--- Extracted data Enclosed Below ---
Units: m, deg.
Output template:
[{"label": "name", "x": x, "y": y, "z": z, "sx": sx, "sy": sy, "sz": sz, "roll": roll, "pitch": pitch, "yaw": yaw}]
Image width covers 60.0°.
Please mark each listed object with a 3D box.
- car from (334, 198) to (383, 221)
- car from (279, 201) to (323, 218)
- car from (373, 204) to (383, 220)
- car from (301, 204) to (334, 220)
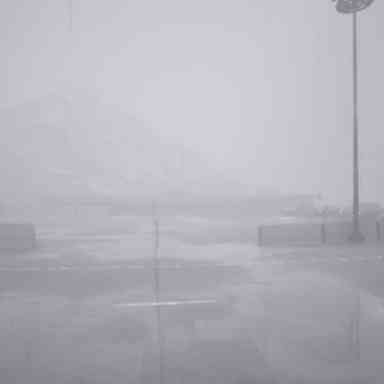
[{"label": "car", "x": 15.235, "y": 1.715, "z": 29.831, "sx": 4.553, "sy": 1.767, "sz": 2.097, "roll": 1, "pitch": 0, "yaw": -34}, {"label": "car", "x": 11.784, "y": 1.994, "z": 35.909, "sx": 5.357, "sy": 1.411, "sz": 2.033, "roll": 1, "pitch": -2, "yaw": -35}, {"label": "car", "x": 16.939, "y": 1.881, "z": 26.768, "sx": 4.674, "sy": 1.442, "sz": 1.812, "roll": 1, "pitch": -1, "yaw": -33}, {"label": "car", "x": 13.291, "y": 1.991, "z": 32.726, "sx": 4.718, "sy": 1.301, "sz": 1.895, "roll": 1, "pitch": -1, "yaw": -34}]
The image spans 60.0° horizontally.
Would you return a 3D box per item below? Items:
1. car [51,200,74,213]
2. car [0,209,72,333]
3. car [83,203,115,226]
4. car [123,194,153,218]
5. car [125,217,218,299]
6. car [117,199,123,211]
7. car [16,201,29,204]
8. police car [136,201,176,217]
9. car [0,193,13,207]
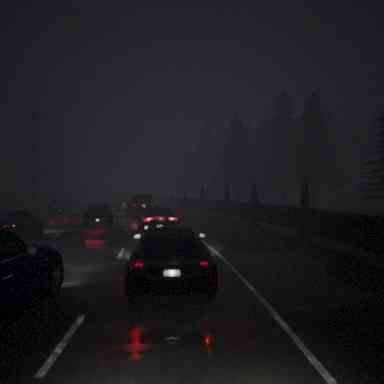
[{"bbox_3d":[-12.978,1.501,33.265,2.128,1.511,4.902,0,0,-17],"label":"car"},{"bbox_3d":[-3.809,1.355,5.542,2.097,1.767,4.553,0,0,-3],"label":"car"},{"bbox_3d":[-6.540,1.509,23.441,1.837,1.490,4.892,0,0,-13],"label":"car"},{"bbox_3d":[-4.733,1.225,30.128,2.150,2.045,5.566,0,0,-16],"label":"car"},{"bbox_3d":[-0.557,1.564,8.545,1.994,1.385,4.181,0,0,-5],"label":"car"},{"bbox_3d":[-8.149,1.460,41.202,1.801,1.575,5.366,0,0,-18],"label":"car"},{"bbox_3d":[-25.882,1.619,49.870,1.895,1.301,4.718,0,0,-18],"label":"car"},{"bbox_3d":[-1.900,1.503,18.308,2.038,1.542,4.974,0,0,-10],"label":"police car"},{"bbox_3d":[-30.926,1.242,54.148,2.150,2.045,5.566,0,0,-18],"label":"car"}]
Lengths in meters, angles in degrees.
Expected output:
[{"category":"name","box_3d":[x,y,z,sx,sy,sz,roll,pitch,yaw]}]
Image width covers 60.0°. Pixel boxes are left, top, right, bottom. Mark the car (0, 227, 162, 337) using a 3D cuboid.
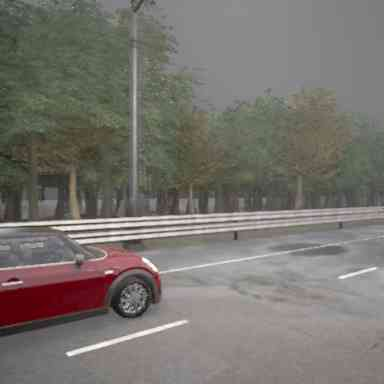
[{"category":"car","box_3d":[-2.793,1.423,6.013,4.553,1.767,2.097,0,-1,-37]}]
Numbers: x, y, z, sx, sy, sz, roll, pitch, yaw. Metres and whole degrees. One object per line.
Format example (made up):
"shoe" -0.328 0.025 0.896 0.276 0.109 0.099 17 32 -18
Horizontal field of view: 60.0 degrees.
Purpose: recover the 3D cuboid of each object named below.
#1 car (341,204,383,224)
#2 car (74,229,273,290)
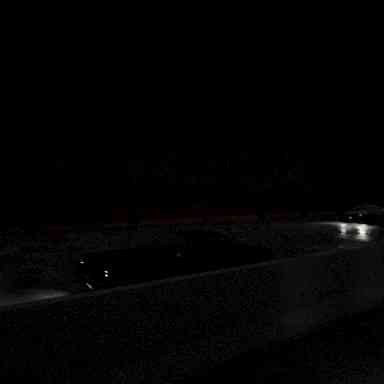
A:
--- End of Enclosed Extracted data ---
> **Instructions to follow**: Find the string "each" in the listing and copy every line in which it occurs.

> **Result of the exercise**:
Please mark each listed object with a 3D box.
Purpose: recover the 3D cuboid of each object named below.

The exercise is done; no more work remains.